Segment Start: Data shown
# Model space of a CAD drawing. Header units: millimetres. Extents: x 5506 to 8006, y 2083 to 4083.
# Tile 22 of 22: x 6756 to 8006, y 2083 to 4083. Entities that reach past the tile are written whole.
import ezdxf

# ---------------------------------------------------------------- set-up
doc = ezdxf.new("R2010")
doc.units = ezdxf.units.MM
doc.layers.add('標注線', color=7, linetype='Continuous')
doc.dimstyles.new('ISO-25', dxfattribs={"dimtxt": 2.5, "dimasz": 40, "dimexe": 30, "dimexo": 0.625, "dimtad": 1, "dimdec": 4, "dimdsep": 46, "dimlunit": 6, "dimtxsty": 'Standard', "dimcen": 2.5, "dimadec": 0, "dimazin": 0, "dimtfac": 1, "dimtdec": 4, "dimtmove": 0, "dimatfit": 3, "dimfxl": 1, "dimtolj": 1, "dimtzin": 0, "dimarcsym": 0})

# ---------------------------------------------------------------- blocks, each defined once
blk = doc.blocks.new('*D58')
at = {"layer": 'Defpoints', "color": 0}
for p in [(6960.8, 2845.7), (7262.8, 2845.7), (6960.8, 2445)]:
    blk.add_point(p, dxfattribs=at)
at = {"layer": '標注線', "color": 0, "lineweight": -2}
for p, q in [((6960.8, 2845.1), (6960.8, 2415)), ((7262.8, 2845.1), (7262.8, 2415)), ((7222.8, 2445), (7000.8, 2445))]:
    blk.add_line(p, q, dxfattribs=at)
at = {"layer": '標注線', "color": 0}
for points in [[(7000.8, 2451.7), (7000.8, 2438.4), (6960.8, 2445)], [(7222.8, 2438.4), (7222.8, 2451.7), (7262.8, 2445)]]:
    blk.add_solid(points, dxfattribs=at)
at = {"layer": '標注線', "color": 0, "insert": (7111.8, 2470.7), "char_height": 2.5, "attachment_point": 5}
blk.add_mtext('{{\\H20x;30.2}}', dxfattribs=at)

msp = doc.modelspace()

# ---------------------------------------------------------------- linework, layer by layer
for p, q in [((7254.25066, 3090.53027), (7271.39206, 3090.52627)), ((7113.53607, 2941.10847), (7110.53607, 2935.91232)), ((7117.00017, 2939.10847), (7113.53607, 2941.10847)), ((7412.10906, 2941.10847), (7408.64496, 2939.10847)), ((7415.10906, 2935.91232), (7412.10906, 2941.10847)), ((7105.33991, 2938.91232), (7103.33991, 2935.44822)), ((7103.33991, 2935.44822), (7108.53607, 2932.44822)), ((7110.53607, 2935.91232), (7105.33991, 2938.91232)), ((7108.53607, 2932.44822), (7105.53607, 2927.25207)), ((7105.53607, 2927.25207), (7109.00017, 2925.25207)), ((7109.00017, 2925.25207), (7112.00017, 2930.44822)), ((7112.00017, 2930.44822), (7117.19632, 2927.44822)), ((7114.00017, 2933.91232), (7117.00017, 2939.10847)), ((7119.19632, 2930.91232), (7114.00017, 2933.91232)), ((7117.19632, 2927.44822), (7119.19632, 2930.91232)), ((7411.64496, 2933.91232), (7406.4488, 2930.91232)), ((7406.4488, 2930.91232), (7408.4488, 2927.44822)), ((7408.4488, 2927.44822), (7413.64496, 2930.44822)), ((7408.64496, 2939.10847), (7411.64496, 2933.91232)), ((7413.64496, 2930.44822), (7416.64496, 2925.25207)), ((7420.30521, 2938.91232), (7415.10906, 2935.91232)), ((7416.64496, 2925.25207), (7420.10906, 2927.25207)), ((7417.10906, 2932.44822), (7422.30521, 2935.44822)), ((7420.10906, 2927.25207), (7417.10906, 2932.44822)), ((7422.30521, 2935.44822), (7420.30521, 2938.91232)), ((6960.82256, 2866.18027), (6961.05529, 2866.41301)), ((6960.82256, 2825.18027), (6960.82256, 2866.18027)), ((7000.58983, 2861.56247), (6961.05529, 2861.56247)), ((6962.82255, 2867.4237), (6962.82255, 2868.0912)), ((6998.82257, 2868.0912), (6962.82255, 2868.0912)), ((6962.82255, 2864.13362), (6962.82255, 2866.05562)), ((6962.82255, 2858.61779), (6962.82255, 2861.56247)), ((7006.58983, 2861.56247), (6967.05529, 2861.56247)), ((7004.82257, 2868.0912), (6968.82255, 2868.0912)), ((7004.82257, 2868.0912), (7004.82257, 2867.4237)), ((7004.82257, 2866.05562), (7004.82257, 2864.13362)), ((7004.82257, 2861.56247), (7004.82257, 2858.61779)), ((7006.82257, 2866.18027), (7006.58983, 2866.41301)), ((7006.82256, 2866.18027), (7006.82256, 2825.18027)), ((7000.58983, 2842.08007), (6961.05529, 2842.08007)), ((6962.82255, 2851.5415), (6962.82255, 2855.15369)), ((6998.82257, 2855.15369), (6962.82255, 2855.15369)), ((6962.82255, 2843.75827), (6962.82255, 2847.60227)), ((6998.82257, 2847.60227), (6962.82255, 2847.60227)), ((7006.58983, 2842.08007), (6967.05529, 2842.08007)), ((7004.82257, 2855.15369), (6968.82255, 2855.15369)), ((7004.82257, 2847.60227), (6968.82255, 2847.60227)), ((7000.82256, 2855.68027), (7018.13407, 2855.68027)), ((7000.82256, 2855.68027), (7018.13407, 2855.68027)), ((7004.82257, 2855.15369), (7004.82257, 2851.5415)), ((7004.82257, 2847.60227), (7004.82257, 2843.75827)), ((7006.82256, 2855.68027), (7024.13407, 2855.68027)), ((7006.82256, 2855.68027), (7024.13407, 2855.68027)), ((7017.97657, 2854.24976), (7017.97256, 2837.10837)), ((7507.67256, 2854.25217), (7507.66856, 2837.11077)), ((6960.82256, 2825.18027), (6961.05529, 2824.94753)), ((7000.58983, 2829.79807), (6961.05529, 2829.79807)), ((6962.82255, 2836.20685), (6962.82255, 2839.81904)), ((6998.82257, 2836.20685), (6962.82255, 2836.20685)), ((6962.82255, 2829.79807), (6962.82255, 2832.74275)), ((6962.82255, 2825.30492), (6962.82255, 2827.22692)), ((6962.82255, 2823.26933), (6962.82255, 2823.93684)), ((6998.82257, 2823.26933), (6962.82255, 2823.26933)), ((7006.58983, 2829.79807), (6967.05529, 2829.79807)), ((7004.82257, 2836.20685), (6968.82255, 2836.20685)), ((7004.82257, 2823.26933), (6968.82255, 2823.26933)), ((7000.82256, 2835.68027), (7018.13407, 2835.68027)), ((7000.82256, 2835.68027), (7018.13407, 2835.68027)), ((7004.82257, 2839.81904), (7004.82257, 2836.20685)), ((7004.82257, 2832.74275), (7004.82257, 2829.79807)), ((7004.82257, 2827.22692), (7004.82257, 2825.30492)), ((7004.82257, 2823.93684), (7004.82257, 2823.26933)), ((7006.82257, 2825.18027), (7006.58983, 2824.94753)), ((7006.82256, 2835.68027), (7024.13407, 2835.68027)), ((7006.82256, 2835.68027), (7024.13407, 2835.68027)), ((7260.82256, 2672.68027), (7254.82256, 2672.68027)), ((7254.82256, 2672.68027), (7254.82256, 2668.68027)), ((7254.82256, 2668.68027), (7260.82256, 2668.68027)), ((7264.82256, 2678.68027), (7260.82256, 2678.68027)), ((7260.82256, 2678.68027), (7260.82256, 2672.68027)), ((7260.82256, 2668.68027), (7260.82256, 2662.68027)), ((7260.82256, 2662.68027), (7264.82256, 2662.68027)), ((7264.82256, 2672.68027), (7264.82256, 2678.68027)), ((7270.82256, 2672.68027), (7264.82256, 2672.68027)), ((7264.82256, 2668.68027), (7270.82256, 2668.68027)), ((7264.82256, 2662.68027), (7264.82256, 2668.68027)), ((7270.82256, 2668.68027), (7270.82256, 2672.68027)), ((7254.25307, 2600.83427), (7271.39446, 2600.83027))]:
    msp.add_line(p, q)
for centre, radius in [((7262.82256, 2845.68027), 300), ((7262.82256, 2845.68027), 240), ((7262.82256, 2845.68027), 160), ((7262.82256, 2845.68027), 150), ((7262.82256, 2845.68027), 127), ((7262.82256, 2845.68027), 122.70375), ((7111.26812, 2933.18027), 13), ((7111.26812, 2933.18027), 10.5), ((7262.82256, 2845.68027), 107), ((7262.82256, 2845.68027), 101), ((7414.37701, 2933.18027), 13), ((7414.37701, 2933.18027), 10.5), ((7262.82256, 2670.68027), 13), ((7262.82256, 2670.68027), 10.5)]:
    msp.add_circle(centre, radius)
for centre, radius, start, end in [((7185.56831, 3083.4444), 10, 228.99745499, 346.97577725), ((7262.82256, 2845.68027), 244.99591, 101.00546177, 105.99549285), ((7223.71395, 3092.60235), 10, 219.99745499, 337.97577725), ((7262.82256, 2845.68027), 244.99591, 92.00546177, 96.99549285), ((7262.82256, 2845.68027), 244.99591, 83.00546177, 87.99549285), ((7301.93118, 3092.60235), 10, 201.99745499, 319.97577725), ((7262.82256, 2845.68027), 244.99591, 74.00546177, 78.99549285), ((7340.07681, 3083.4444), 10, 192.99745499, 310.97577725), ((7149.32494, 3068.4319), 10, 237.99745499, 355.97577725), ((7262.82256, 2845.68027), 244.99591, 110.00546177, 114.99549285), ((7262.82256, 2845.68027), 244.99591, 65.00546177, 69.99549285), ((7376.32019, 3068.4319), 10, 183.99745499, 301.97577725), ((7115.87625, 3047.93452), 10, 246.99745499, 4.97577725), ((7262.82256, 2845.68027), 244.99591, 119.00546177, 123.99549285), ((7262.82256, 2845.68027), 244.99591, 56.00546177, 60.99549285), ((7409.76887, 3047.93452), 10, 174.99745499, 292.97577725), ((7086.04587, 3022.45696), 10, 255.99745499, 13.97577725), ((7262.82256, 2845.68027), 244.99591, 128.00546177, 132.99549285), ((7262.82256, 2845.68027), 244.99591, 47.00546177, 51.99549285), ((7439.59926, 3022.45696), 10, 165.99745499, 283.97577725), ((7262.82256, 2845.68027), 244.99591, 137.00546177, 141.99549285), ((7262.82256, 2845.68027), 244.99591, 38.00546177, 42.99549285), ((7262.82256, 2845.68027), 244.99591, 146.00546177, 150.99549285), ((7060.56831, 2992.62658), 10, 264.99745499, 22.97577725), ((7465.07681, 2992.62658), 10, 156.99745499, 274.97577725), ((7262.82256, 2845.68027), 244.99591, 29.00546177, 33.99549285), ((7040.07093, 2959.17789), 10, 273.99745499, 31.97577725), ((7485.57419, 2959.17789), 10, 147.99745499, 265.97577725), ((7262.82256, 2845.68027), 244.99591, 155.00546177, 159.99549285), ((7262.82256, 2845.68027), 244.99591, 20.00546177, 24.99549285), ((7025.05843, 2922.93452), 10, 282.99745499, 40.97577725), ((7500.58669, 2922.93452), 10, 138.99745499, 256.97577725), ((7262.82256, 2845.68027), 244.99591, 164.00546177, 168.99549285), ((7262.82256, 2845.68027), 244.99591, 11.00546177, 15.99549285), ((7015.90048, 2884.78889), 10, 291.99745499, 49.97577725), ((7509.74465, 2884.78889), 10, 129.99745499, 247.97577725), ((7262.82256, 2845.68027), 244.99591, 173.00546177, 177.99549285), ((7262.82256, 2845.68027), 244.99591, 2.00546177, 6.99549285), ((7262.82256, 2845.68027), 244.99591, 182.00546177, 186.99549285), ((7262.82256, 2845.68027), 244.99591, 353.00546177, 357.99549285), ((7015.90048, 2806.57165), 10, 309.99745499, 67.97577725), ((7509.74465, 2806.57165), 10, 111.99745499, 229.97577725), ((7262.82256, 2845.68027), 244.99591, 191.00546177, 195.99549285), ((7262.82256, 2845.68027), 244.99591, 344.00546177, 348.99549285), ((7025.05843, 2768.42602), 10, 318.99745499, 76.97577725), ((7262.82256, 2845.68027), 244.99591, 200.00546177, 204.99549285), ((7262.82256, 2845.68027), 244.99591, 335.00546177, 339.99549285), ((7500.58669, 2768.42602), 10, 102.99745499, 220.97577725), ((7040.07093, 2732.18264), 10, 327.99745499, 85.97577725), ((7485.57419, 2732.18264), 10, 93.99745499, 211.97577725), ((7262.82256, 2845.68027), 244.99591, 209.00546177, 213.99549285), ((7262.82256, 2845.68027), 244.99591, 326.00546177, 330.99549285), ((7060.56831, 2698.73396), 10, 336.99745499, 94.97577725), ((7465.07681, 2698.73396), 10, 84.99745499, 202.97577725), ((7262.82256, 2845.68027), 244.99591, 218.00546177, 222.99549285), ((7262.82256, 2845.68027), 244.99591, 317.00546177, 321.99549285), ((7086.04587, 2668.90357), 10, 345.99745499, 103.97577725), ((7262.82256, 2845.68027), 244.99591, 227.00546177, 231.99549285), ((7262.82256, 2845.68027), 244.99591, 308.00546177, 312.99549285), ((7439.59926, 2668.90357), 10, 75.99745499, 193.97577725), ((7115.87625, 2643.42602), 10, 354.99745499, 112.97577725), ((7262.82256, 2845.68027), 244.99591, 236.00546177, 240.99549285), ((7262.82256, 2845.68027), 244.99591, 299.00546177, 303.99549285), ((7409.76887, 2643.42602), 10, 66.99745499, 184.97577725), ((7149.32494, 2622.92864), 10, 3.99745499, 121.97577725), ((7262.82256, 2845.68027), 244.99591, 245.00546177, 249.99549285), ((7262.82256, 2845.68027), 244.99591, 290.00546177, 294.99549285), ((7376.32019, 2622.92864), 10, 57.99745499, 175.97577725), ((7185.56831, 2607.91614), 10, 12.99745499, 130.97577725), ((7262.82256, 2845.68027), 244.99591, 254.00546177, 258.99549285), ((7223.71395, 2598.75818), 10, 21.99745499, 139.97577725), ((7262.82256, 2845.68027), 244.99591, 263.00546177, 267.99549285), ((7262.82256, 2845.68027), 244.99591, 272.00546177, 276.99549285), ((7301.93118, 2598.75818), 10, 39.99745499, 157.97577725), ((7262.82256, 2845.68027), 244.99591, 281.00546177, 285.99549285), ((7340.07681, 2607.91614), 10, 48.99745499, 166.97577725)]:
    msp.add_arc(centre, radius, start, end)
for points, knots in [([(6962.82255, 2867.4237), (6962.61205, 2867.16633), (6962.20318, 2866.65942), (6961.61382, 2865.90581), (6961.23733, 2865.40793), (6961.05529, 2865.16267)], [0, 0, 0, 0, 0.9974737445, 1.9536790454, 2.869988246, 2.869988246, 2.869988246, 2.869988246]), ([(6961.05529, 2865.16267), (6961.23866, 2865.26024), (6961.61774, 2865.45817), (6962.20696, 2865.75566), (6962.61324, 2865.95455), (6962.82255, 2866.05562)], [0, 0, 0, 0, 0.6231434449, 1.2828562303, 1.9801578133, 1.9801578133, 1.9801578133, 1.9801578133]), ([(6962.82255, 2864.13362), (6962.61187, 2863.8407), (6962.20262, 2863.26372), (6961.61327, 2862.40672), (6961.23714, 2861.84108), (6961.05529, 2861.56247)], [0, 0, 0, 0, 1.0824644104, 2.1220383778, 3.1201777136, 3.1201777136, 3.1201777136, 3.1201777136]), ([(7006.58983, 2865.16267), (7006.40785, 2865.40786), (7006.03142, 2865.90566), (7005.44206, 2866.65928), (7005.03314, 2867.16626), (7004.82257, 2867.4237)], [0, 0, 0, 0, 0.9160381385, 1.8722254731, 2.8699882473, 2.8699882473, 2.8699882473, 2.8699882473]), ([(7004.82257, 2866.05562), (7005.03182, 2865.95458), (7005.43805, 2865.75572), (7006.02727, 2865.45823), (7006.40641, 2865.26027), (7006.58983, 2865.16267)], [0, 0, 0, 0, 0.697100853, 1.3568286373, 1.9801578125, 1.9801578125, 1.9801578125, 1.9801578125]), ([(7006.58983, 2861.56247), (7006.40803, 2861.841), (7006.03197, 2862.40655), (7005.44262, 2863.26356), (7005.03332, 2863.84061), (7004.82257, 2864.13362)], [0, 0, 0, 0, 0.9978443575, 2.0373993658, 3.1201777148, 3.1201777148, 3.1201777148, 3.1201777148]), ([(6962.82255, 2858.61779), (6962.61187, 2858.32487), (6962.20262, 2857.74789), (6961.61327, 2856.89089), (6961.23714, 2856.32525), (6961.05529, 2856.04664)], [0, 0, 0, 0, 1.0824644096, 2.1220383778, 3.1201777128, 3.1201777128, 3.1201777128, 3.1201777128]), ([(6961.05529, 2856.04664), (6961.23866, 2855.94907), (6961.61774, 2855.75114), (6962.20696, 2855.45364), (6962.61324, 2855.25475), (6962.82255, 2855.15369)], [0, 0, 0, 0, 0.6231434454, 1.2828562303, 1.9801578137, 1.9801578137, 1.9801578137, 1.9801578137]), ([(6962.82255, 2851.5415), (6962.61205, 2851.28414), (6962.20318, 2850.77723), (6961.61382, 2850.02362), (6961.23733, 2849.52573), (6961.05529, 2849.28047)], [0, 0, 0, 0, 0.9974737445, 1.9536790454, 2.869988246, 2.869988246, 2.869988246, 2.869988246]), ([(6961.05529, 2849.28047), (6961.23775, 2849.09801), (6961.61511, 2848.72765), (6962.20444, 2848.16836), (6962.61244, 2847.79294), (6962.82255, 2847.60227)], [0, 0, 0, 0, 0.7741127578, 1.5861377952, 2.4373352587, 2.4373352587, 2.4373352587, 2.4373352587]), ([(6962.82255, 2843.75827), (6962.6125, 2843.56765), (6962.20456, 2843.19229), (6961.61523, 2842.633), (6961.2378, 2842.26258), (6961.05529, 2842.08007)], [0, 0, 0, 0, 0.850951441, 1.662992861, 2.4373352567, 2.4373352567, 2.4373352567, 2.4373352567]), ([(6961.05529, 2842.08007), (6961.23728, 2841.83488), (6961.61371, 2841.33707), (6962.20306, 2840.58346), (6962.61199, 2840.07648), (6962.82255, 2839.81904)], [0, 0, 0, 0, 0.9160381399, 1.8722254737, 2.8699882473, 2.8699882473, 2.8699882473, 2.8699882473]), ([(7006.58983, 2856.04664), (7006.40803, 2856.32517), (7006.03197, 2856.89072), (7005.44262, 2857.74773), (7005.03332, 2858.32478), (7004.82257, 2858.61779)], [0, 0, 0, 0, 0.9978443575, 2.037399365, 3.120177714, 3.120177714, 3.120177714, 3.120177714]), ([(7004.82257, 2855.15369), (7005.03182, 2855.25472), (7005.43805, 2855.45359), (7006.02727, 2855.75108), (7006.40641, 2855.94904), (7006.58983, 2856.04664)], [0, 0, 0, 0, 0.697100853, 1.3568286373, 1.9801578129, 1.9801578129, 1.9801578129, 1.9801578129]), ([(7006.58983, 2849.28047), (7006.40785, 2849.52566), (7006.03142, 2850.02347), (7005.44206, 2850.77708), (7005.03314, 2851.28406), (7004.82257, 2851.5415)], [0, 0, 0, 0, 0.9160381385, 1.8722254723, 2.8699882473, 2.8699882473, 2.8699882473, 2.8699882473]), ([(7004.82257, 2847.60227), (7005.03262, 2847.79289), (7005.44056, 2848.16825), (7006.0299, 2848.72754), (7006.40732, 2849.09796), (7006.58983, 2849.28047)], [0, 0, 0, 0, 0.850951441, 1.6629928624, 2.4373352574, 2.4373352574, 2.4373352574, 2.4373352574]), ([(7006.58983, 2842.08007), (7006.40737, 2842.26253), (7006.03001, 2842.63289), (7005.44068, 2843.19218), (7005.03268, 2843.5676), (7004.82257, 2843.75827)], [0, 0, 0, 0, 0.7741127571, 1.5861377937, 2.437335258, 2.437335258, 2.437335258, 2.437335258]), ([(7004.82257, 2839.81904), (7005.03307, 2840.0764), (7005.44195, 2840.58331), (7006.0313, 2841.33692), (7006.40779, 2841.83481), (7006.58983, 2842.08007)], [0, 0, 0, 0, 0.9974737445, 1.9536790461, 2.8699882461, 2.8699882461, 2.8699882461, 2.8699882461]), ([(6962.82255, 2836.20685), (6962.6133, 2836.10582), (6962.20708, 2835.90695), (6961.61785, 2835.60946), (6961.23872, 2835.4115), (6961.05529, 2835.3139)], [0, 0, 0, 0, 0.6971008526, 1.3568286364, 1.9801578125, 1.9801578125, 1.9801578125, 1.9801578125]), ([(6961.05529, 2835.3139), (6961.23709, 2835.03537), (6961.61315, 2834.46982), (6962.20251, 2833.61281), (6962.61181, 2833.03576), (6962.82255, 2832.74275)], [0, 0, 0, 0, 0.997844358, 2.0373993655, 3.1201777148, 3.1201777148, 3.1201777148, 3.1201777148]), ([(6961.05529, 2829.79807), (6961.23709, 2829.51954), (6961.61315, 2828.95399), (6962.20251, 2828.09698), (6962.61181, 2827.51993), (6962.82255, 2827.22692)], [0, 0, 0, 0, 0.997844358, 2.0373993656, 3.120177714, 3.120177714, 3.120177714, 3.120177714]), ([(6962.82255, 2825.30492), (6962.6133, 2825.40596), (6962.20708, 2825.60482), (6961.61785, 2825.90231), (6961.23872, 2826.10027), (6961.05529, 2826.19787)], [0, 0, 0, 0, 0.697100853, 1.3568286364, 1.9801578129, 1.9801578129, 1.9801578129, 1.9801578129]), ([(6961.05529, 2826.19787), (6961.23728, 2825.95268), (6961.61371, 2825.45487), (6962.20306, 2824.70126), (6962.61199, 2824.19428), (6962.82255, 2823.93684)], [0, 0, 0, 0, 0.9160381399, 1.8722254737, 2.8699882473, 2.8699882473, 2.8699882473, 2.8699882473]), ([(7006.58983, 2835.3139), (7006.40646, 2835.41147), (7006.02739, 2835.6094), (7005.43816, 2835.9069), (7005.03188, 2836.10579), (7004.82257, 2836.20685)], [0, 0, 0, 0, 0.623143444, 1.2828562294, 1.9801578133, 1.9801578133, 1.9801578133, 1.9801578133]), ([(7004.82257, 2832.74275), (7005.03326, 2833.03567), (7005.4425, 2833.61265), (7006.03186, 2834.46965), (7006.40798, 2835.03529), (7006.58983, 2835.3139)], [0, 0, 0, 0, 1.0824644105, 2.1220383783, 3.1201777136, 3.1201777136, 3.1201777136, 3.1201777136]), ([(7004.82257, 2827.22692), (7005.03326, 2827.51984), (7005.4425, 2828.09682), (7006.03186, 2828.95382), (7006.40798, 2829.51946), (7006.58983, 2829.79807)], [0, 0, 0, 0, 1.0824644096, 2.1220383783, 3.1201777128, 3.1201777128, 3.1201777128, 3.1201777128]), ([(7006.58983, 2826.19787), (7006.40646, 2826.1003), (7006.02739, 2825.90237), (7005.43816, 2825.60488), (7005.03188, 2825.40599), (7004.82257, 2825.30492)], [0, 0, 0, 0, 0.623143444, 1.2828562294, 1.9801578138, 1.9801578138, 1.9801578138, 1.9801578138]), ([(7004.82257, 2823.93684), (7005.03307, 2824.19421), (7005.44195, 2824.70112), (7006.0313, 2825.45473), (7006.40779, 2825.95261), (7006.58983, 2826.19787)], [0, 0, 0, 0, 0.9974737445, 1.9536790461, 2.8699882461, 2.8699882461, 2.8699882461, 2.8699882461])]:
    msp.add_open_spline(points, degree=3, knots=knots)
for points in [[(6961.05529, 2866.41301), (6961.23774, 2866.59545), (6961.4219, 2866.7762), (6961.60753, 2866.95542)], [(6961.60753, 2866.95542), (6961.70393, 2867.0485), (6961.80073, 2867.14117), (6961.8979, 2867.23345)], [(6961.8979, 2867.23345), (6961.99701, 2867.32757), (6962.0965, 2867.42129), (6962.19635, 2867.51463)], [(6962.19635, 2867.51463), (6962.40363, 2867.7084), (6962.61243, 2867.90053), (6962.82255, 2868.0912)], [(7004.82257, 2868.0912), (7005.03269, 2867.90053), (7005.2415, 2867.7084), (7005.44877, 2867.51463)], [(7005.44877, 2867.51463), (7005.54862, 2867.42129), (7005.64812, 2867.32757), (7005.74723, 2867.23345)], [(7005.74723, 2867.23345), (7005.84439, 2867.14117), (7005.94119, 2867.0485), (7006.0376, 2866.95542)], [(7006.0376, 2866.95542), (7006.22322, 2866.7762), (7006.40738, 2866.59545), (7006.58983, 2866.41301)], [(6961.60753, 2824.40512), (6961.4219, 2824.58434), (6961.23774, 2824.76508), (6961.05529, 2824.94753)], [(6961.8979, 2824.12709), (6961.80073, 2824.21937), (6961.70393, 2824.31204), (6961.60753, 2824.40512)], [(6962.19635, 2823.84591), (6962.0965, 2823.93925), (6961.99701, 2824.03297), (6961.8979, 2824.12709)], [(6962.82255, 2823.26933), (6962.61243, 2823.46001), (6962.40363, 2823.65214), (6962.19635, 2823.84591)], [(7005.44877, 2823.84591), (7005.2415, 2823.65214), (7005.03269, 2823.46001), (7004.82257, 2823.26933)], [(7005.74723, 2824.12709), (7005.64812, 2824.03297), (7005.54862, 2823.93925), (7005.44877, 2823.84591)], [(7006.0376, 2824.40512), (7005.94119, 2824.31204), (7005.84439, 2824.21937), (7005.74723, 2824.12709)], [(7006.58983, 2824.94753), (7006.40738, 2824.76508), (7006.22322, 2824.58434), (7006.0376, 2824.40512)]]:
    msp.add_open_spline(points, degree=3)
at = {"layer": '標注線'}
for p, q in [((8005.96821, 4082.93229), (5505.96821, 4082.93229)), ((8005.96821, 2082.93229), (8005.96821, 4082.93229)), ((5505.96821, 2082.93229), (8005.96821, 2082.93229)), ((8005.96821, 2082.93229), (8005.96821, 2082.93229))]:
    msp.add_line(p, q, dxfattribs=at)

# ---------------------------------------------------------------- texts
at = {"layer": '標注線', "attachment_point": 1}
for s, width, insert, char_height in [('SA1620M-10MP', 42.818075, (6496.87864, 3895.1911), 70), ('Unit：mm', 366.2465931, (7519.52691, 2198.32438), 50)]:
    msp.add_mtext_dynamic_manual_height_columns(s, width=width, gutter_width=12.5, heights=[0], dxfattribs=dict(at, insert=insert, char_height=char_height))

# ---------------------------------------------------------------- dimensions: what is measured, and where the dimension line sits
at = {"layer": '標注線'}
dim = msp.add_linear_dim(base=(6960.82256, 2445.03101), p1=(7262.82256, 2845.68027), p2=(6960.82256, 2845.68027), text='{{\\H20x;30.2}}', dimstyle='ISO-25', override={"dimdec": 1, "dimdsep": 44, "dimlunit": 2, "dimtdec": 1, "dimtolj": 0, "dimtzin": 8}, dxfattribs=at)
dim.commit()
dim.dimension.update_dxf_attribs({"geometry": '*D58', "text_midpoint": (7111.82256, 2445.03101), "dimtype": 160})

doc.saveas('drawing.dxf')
Segment End: Data shown
> **What to do**
All lines above from the one containing "blk.add_point(p, dxfattribs=at)" to the one containing "layer by layer" must be repeated exactly, both lines included, and no others.

> **Output**
    blk.add_point(p, dxfattribs=at)
at = {"layer": '標注線', "color": 0, "lineweight": -2}
for p, q in [((6960.8, 2845.1), (6960.8, 2415)), ((7262.8, 2845.1), (7262.8, 2415)), ((7222.8, 2445), (7000.8, 2445))]:
    blk.add_line(p, q, dxfattribs=at)
at = {"layer": '標注線', "color": 0}
for points in [[(7000.8, 2451.7), (7000.8, 2438.4), (6960.8, 2445)], [(7222.8, 2438.4), (7222.8, 2451.7), (7262.8, 2445)]]:
    blk.add_solid(points, dxfattribs=at)
at = {"layer": '標注線', "color": 0, "insert": (7111.8, 2470.7), "char_height": 2.5, "attachment_point": 5}
blk.add_mtext('{{\\H20x;30.2}}', dxfattribs=at)

msp = doc.modelspace()

# ---------------------------------------------------------------- linework, layer by layer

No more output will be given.